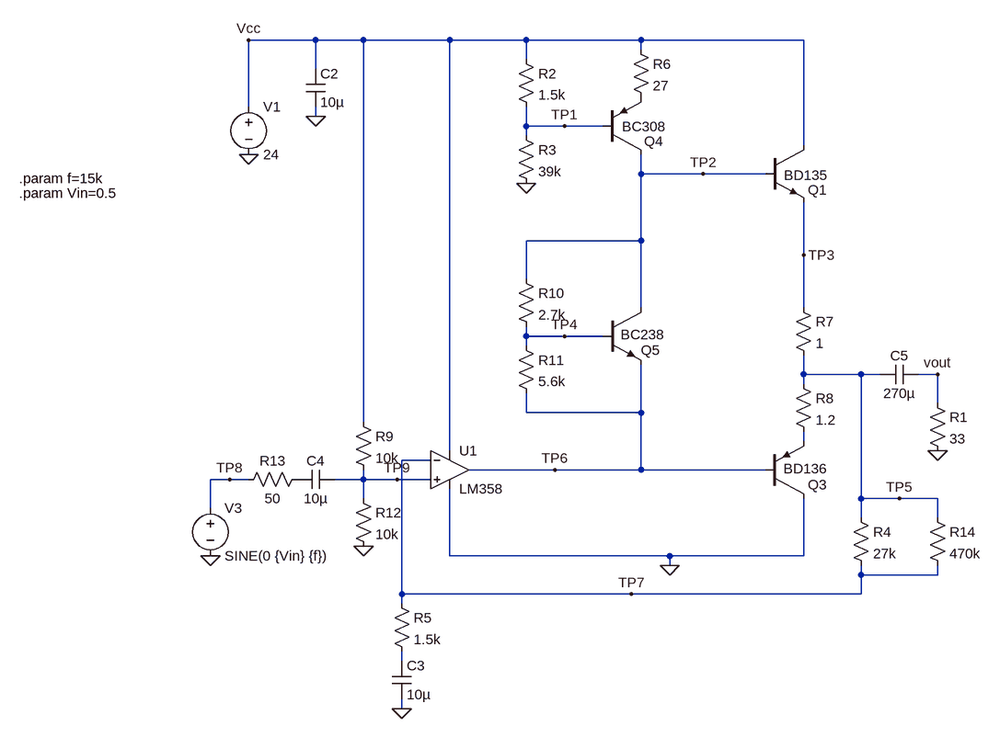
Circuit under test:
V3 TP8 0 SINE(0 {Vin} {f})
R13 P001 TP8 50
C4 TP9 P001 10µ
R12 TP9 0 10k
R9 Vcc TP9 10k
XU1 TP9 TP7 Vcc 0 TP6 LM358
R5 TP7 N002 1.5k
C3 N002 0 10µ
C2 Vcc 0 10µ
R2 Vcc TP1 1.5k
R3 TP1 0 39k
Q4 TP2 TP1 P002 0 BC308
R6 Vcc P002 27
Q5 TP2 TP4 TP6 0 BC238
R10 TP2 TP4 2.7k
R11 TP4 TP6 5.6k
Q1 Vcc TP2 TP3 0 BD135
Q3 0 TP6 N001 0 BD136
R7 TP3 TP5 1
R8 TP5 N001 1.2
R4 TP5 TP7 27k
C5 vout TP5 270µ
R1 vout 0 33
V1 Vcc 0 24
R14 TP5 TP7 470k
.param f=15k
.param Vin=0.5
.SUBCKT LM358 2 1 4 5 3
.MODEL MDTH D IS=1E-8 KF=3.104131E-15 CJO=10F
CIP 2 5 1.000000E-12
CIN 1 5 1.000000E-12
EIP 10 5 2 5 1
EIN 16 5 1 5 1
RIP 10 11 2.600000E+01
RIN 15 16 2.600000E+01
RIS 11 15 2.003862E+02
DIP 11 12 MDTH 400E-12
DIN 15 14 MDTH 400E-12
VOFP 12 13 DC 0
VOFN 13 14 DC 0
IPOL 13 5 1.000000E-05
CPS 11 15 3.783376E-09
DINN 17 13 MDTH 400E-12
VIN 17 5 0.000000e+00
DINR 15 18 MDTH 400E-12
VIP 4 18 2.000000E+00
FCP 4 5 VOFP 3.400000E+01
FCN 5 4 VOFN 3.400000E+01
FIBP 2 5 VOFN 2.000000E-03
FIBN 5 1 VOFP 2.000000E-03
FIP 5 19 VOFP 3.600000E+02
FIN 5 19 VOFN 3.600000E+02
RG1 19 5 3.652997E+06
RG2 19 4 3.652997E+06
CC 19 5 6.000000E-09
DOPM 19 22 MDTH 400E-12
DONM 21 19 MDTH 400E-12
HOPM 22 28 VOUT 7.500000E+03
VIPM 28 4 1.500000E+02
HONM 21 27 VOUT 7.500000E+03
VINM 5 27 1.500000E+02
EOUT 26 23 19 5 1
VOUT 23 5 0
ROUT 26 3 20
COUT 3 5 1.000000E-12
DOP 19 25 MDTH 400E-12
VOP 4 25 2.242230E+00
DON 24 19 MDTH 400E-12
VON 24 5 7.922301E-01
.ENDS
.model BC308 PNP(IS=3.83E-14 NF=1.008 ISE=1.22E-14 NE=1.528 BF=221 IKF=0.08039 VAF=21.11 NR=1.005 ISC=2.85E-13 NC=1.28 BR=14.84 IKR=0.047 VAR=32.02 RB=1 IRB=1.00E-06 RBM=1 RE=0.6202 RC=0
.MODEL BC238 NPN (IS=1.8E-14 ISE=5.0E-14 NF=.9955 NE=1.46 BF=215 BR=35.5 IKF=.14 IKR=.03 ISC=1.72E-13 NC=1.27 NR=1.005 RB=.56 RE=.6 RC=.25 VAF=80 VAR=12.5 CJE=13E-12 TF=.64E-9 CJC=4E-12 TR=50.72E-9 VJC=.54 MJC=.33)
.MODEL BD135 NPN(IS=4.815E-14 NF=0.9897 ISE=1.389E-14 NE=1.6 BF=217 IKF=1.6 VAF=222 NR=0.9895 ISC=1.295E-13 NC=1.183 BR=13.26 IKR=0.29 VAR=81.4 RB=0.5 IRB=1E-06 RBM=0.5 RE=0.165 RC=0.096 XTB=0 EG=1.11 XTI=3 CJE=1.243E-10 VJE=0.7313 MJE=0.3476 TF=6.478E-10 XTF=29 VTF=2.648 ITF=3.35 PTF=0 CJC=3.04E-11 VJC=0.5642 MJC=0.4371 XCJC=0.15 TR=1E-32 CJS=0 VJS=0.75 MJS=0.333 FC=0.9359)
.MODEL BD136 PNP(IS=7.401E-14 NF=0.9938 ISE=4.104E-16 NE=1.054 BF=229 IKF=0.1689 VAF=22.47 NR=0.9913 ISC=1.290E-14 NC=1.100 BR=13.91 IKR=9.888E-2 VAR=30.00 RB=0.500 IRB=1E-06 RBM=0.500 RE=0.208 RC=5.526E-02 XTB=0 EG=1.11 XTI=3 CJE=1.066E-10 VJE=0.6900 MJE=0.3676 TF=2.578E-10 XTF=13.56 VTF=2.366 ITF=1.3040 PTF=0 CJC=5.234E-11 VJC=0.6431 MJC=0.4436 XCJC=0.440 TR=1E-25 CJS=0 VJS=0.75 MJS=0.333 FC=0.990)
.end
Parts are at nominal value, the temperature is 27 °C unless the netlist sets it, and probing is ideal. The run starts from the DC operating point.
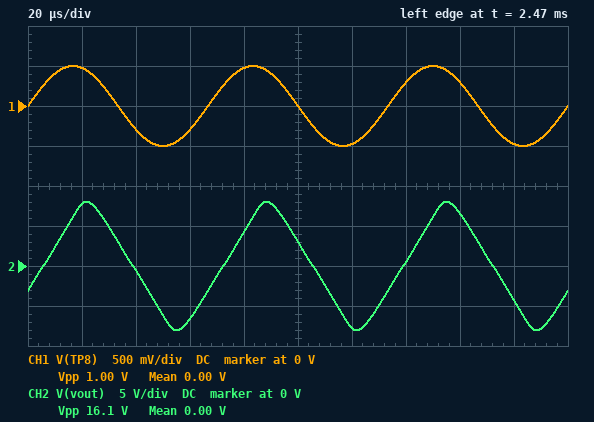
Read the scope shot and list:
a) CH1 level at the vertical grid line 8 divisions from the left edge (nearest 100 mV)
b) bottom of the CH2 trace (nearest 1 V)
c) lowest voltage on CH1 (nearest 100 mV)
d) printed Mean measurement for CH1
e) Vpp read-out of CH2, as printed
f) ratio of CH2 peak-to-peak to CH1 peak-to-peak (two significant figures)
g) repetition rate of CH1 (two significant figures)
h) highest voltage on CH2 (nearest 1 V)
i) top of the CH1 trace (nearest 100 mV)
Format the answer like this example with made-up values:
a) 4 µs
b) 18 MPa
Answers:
a) 300 mV
b) -8 V
c) -500 mV
d) 0.00 V
e) 16.1 V
f) 16
g) 15 kHz
h) 8 V
i) 500 mV

* * * * *

-- Exercise objective --
Begin with the line above that has "VOP 4 25 2.242230E+00" and continue through the line that has "TR=50.72E-9 VJC=.54 MJC=.33)", setting each one down exactly. Stop there.

-- Response to this task --
VOP 4 25 2.242230E+00
DON 24 19 MDTH 400E-12
VON 24 5 7.922301E-01
.ENDS
.model BC308 PNP(IS=3.83E-14 NF=1.008 ISE=1.22E-14 NE=1.528 BF=221 IKF=0.08039 VAF=21.11 NR=1.005 ISC=2.85E-13 NC=1.28 BR=14.84 IKR=0.047 VAR=32.02 RB=1 IRB=1.00E-06 RBM=1 RE=0.6202 RC=0
.MODEL BC238 NPN (IS=1.8E-14 ISE=5.0E-14 NF=.9955 NE=1.46 BF=215 BR=35.5 IKF=.14 IKR=.03 ISC=1.72E-13 NC=1.27 NR=1.005 RB=.56 RE=.6 RC=.25 VAF=80 VAR=12.5 CJE=13E-12 TF=.64E-9 CJC=4E-12 TR=50.72E-9 VJC=.54 MJC=.33)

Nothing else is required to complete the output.